Pembicara utama yang sangat menguasai ilmu hukum asuransi dan berpengalaman sebagai praktisi asuransi lebih dari 40 tahun itu menyampaikan bahwa perjanjian atau kontrak asuransi pada dasarnya adalah kontrak indemnitas (contract of indemnity). Kontrak ini membatasi besarnya ganti kerugian yang harus dibayar perusahaan asuransi sebagai penanggung dalam hal terjadinya kerugian tertanggung (klaim), maksimum sebesar kerugian yang diderita oleh tertanggung. Posisi atau kondisi keuangan tertanggung sesudah dan sebelum terjadinya klaim tidak boleh diuntungkan. Ini yang disebut ganti rugi yang berimbang. Pengecualian adalah dalam polis asuransi jiwa yang berkaitan dengan mati-hidupnya seseorang bukanlah kontrak indemnitas, melainkan kontrak manfaat (contract of benefit).
Selain Jaminan Kesehatan Nasional (JKN) yang diselenggarakan badan hukum publik BPJS Kesehatan, kita kenal juga dua jenis asuransi kesehatan yang dijual badan usaha asuransi. Pertama adalah asuransi kesehatan sebagai top-up program JKN yang memberikan tambahan ekstra manfaat nonmedis. Kategori pertama ini memerlukan koordinasi manfaat (coordination of benefit atau COB) dengan penyelenggara JKN.Asuransi kesehatan jenis ini menerapkan prinsip indemnitas yang berarti pihak asuransi akan memberikan ganti rugi (to indemnify) kepada tertanggungnya (”claimant”) sebatas kerugian atau biaya ”real” yang dibayarkannya kepada penyedia pelayanan kesehatan.
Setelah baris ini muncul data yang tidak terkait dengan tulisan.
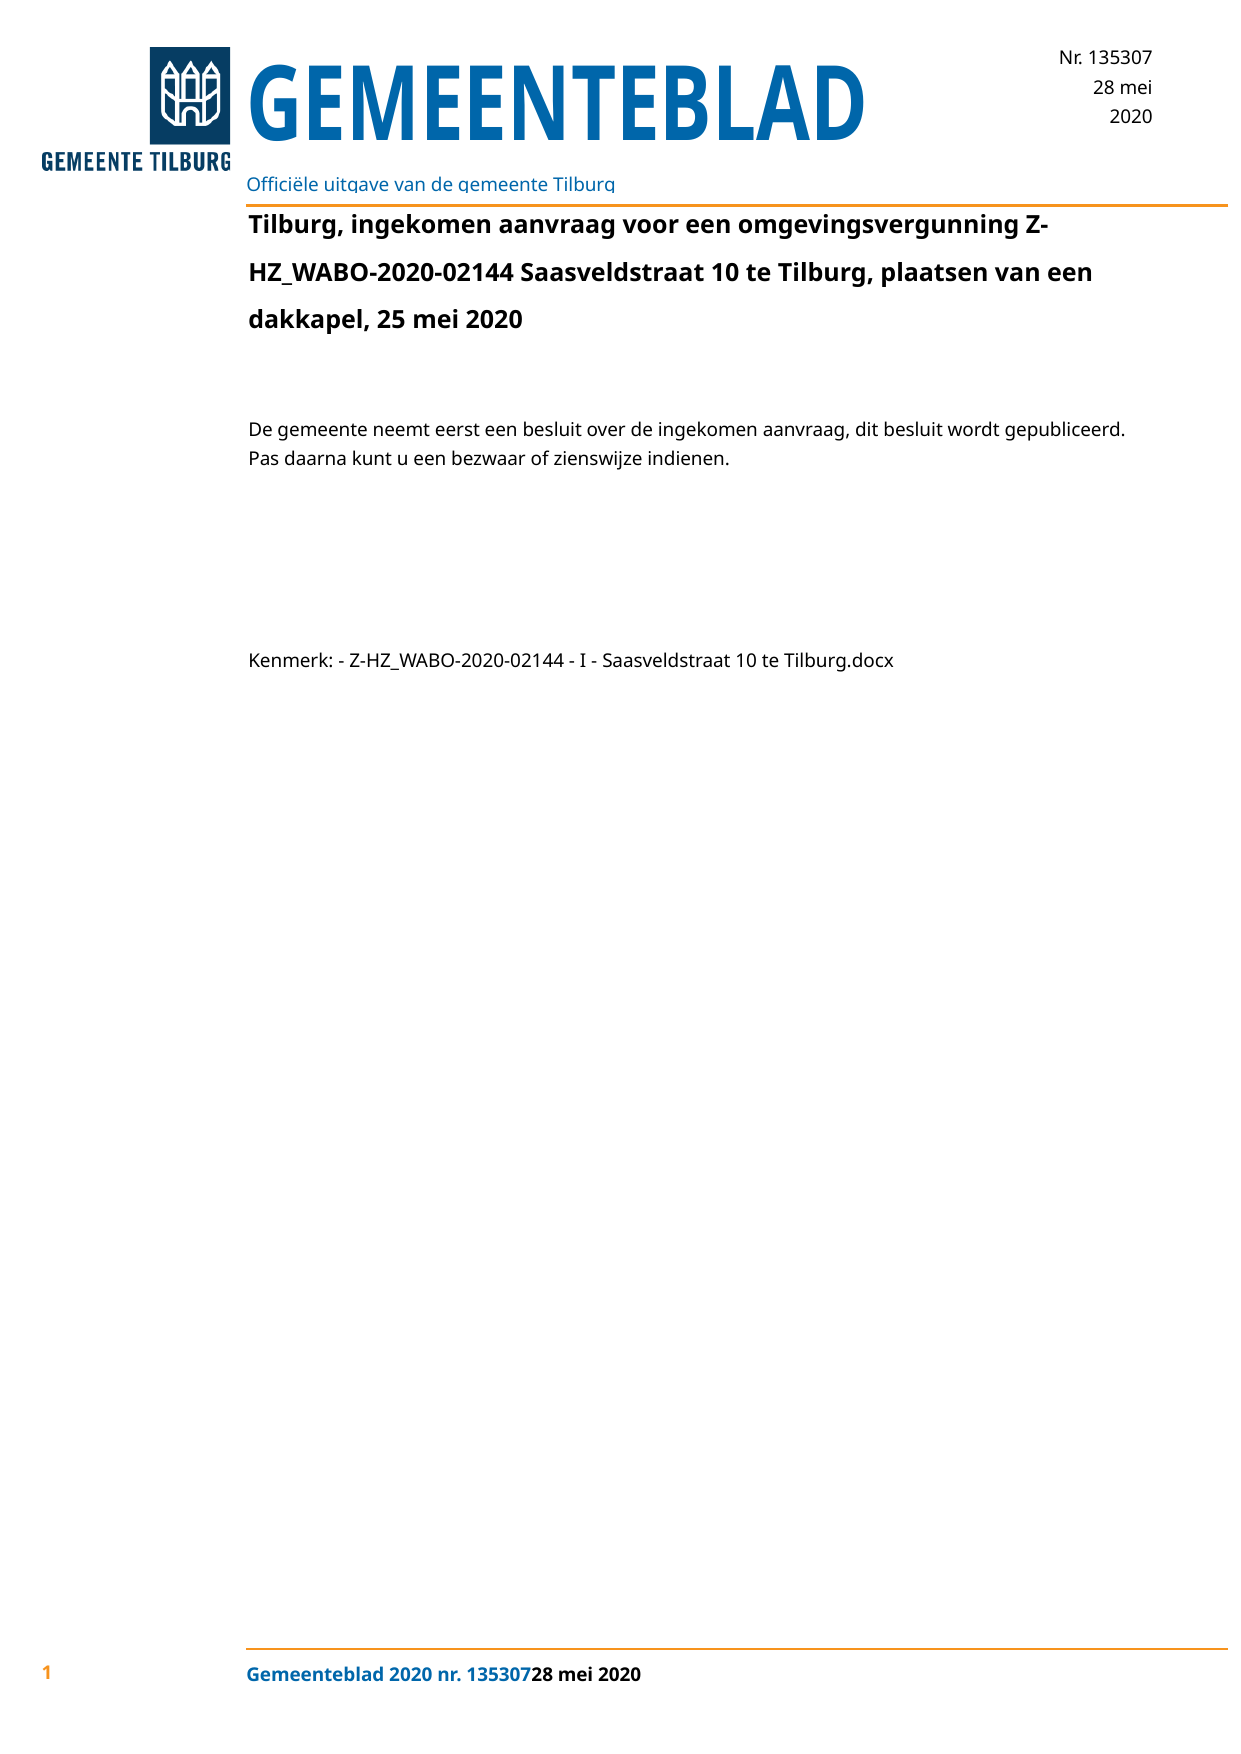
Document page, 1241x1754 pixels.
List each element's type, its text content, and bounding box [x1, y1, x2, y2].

text Kenmerk: - Z-HZ_WABO-2020-02144 - I - Saasveldstraat 10 te Tilburg.docx [248, 647, 1152, 673]
picture [41, 47, 231, 172]
text Tilburg, ingekomen aanvraag voor een omgevingsvergunning Z-HZ_WABO-2020-02144 Saasveldstraat 10 te Tilburg, plaatsen van een dakkapel, 25 mei 2020 [248, 207, 1152, 336]
text De gemeente neemt eerst een besluit over de ingekomen aanvraag, dit besluit wordt gepubliceerd. Pas daarna kunt u een bezwaar of zienswijze indienen. [248, 416, 1152, 471]

Jenis kedua adalah asuransi bernama generik Hospital Cash Plan dengan berbagai nama ”dagang” lainnya seperti Flexi Care, Daily Hospital Benefit, Hospitalization Income Insurance dsb. Untuk jenis yang kedua ini, prinsip indemnitas tidak diberlakukan sehingga seseorang dapat membeli polis dari beberapa perusahaan asuransi. Inilah yang menjadi biang kerok permasalahan yang terjadi baru-baru ini.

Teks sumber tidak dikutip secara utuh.